The task: Find the lines in the records below that contain "degrees", and report each of them.

※ ※ ※

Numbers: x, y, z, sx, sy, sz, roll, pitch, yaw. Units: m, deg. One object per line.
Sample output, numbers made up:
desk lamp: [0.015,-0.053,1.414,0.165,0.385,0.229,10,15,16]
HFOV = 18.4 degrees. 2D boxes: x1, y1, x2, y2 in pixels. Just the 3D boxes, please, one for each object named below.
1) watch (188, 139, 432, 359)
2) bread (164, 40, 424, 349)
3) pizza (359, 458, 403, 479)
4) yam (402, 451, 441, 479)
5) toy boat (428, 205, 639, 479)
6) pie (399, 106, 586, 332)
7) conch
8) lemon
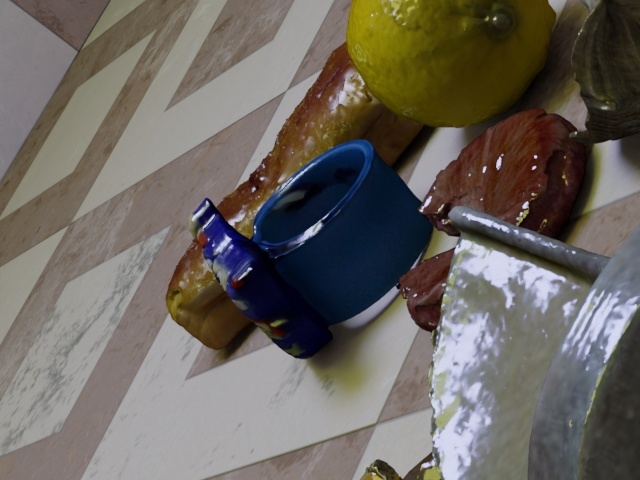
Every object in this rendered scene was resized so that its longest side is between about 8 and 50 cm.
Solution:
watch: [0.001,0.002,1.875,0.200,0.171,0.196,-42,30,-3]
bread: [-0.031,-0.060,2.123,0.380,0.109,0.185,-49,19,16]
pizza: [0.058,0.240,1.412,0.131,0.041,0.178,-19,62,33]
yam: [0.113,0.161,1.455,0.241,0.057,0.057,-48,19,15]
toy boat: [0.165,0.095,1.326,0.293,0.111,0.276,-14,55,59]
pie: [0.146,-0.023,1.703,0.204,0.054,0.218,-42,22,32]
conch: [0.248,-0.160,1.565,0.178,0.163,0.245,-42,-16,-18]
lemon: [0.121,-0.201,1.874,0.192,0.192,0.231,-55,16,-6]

※ ※ ※

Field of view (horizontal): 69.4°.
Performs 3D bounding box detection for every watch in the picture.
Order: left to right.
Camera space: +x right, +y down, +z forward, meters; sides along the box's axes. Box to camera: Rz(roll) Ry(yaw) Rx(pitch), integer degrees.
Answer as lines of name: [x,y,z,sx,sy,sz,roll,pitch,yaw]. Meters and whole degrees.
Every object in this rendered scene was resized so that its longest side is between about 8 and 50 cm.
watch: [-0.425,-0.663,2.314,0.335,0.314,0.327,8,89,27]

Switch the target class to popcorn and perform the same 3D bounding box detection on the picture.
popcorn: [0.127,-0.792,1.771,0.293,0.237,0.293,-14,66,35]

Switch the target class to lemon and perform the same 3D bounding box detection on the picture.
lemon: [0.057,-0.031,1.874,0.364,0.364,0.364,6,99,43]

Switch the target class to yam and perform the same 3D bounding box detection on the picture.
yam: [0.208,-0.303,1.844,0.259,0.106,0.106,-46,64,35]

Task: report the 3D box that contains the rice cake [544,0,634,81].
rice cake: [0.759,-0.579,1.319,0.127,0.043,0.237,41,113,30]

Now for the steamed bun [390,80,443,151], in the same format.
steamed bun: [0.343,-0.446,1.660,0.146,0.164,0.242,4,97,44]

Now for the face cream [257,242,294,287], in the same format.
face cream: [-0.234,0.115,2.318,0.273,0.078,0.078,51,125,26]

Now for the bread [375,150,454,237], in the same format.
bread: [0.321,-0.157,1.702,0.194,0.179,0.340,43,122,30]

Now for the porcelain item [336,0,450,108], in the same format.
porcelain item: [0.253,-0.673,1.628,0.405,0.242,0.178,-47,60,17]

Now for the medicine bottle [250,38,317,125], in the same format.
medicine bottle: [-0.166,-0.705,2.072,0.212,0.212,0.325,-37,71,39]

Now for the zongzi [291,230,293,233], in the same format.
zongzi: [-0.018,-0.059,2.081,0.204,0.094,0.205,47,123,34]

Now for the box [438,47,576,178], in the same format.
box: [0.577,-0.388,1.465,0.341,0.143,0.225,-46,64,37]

※ ※ ※

Result of this task:
HFOV = 18.4 degrees. 2D boxes: x1, y1, x2, y2 in pixels. Just the 3D boxes, please, one for each object named below.
Camera space: +x right, +y down, +z forward, meters; sides along the box's axes. Box to camera: Rz(roll) Ry(yaw) Rx(pitch), integer degrees.
Answer as lines of name: [x,y,z,sx,sy,sz,roll,pitch,yaw]. Meters and whole degrees.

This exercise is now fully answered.